Key Takeaways
Paolo Ardoino is most well-known for leading 2 of the world’s largest crypto businesses: Bitfinex and Tether, where he acts as CTO and CEO respectively.
But in an interview with CCN, Ardoino said his real passion is decentralization. To that end, his latest project has nothing to do with cryptocurrency or blockchains. Instead, Bitfinex and Tether have joined forces to create Holepunch: a suite of peer-to-peer (P2P) protocols inspired by BitTorrent.
Although Bitcoin was initially conceived as a P2P payment system, Ardoino argued that in most cases, BitTorrent provides a better model for decentralization.
Of course, that’s not to say he doesn’t appreciate blockchains can be powerful tools. On the contrary, Ardoino is an avid Bitcoiner and believes Bitcoin is the most secure value transfer network in the world.
But the Tether CEO has doubts about some applications of the technology, suggesting that many latter-day crypto projects have pushed the concept too far from its original purpose
“One of the reasons for building Holepunch was to demonstrate that blockchains are, for most, useless,” he remarked.
Beyond the limited context of digital asset transactions, Ardoino observed that decentralized networks don’t need a shared database and are usually better served by free-floating open protocols like BitTorrent.
After all, while blockchains bypass the powerful intermediaries that control traditional payment rails, can this really be called P2P when each transaction requires a network of computers to achieve consensus?
“People are misappropriating or misusing the concept of peer-to-peer,” Ardoino noted. “If you want to build something truly unstoppable,” he continued, “you cannot have a global shared state [and] you cannot have single points of failure.”

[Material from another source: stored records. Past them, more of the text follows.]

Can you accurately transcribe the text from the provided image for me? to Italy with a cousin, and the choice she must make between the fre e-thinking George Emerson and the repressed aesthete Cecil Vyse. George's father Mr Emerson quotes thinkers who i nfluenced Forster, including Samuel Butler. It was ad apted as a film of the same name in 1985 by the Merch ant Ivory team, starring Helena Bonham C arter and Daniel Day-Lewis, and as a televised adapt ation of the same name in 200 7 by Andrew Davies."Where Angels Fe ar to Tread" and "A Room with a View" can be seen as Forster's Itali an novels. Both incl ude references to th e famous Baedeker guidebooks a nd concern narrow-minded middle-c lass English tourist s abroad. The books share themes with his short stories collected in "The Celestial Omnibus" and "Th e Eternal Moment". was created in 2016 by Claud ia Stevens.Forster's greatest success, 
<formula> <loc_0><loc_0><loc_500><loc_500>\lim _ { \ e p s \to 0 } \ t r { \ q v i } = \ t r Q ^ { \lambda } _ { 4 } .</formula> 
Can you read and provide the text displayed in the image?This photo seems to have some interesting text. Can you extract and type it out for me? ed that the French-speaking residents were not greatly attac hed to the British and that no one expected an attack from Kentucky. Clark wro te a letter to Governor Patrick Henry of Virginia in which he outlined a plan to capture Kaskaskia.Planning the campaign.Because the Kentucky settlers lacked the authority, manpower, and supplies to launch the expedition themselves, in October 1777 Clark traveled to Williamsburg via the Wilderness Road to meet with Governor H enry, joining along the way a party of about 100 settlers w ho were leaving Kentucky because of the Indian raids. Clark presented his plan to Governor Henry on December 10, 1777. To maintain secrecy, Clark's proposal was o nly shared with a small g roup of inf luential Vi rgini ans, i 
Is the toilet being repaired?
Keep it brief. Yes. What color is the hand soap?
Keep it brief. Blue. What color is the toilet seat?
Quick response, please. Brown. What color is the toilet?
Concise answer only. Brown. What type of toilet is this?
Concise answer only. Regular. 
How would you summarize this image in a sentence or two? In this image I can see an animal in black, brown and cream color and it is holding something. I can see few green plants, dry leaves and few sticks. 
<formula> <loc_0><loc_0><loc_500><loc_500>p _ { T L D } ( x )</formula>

For all his talk of decentralization, Ardoino acknowledged that his employers are ultimately centralized entities. However, he said both Tether and Bitfinex have diverted some of their profits toward initiatives that benefit the wider crypto community:
“Of course, we are running a centralized exchange, we are running a centralized stablecoin. But the beauty of it is that with the revenues we generate by providing services in an old-fashioned way, we’re investing a lot of them in supporting Bitcoin projects.”
Such projects include RGB, a smart contract platform for the Bitcoin Lightning Network that Tether has thrown its weight behind. Meanwhile, Bitfinex has invested in Blockstream, a Bitcoin developer that is behind a range of open infrastructure projects.
For both companies, these investments won’t lead to immediate profits. Their value is less tangible, stemming from the benefits they provide to the entire ecosystem.
This focus on the bigger picture extends to Holepunch, which Ardoino said “goes in the same direction and philosophy as Bitcoin.”
The first Holepunch-based app is the P2P communication platform Keet . Thanks to a BitTorrent-style architecture, Keet doesn’t rely on centralized servers like Telegram or WhatsApp. But unlike blockchain-based dApps, it doesn’t depend on external validators for security either.
To build Keet, Holepunch gave itself a headstart, and the protocol’s open-source debut is scheduled for February 2024.
According to Ardoino, this delay is intended to prevent the kind of free-for-all that has beset many Web3 projects. “Before you know [someone would] put a blockchain behind it and create another token,” even though doing so would “completely miss the point,” he emphasized.